Стефан приложился кулаком по ноге противника, как раз по пальцам стопы, отчего тот закричал и согнулся в три погибели, ухватившись за ушибленную конечность. А то как же иначе — ведь, поди, Дюк переломал ему все косточки, потому что в его руке неведомо как оказался увесистый булыжник. Этим же камнем он приложился снизу вверх, прямо в раззявленную челюсть, и снова не промахнулся. Враг забулькал, но Стефан на это уже внимания не обращал. Ему нужно было добраться до меча, либо, на крайний случай, схватить выпавшую из рук поверженного противника дубину. Это удалось. Почти удалось.

Уже смыкая пальцы на чужом оружии, в голове возле правого уха взорвался ожогом оглушительный удар. На долю мига в мозгу взыграли трубы, как перед концом света, потом свет действительно кончился.

Очнулся он от холода. Пошевелился, ощущая во рту свинцовый привкус крови, осознал, что еще жив, но беспомощен до безобразия: руки за спиной оказались привязаны к согнутым в коленях ногам за лодыжки. Он огляделся по сторонам, насколько это позволяло положение тела. Лошади, все так же привязанные за узду к ветке ближайших кустов орешника, отыскивали на земле какую-то съедобную траву и казались очень спокойными. Оно и понятно — собаки-то убежали, подлые. Угрозы для лошадей больше никакой не было, не считать же таковой пришедших людей, переговаривающихся где-то поблизости на неизвестном языке. Вот для собак увеличение количества человек — нежелательное соседство. Они тогда и смылись от греха подальше.

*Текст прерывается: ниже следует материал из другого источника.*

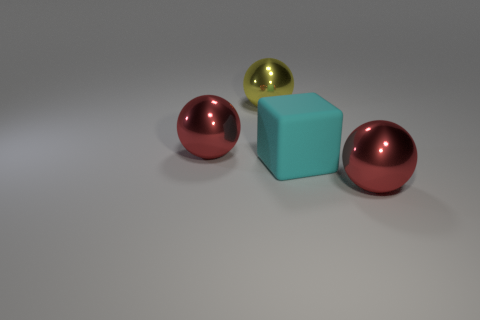Is there any other thing that has the same material as the large block?
Make the answer very short. No. What number of yellow objects have the same size as the rubber cube?
Make the answer very short. 1. What number of large matte cubes are left of the cyan block?
Make the answer very short. 0. Does the big yellow object have the same shape as the large object that is to the left of the yellow metal thing?
Provide a succinct answer. Yes. Is there a red object of the same shape as the large yellow metallic thing?
Your answer should be compact. Yes. What is the shape of the red shiny object that is on the left side of the red ball that is on the right side of the big block?
Offer a very short reply. Sphere. There is a large cyan rubber object that is in front of the yellow ball; what is its shape?
Your answer should be very brief. Cube. Do the shiny ball left of the yellow object and the thing to the right of the cube have the same color?
Ensure brevity in your answer.  Yes. What number of big objects are both left of the matte block and in front of the yellow metallic ball?
Offer a very short reply. 1. The cyan rubber cube has what size?
Provide a short and direct response. Large. 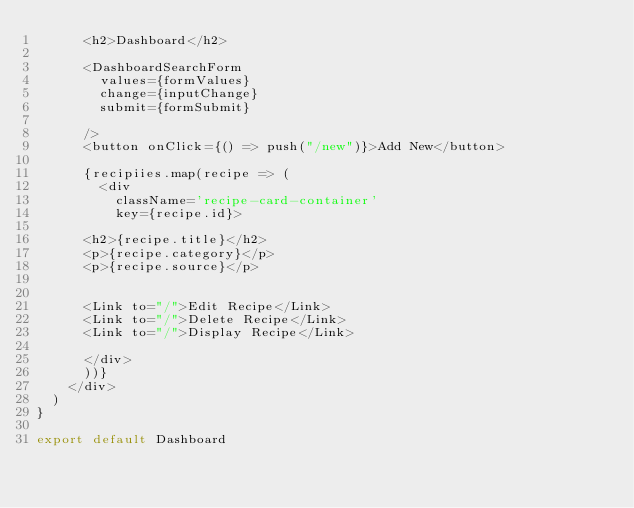<code> <loc_0><loc_0><loc_500><loc_500><_JavaScript_>      <h2>Dashboard</h2>

      <DashboardSearchForm
        values={formValues}
        change={inputChange}
        submit={formSubmit}

      />
      <button onClick={() => push("/new")}>Add New</button>

      {recipiies.map(recipe => (
        <div 
          className='recipe-card-container'
          key={recipe.id}>

      <h2>{recipe.title}</h2>
      <p>{recipe.category}</p>
      <p>{recipe.source}</p>


      <Link to="/">Edit Recipe</Link>
      <Link to="/">Delete Recipe</Link>
      <Link to="/">Display Recipe</Link>

      </div>
      ))}
    </div>
  )
}

export default Dashboard
	</code> 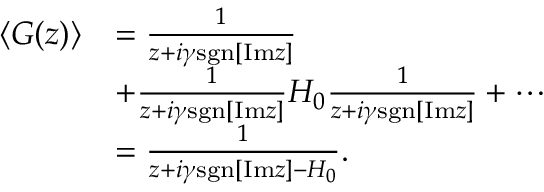Convert formula to latex. <formula><loc_0><loc_0><loc_500><loc_500>\begin{array} { r l } { \left < G ( z ) \right > } & { = \frac { 1 } { z + i \gamma s g n [ I m z ] } } \\ & { + \frac { 1 } { z + i \gamma s g n [ I m z ] } H _ { 0 } \frac { 1 } { z + i \gamma s g n [ I m z ] } + \cdots } \\ & { = \frac { 1 } { z + i \gamma s g n [ I m z ] - H _ { 0 } } . } \end{array}</formula> 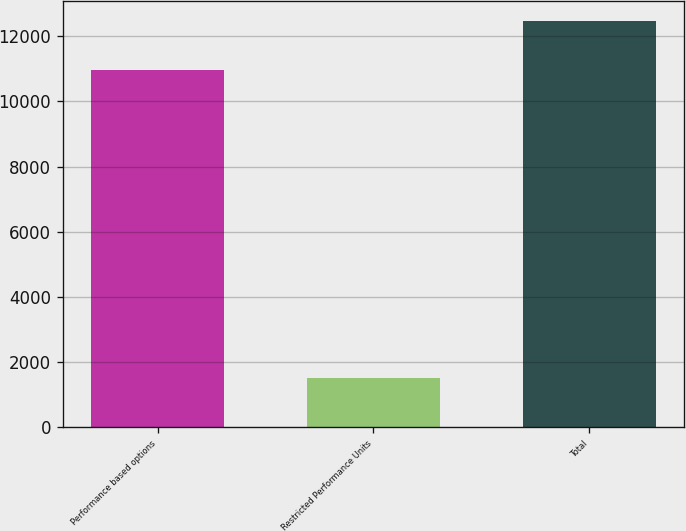Convert chart to OTSL. <chart><loc_0><loc_0><loc_500><loc_500><bar_chart><fcel>Performance based options<fcel>Restricted Performance Units<fcel>Total<nl><fcel>10979<fcel>1494<fcel>12473<nl></chart>

А Стефан и Вильгельм не придали этому событию никакого значения. Подумаешь, псы подевались куда-то. Может, они сумасшедшие!

Кстати, принц обнаружился совсем недалеко и в аналогичной позиции. Только у него во рту еще и кляп торчал. А это-то зачем? Здесь кричи-не кричи, никто не услышит, а услышат, так на помощь спешить не будут. Закон джунглей.

Стефану вновь сделалось стыдно. Лежать тут в одном исподнем белье, не в состоянии пошевелить ни рукой, ни ногой, было унизительно. Хорошо, что никто другой этого унижения не видит, плохо, что никто другой не узнает, где сгинул хунгарский рыцарь. Только он с принцем и их убийцы. В том, что их оставят в живых, он очень сомневался.

Разглядеть врагов удавалось не очень. Сумерки сгущались, наползал туман, размывая контуры предметов, разрушалась надежда. Но раз ничего поделать нельзя, значит, надо извлечь максимальную пользу из того, что пока еще жив.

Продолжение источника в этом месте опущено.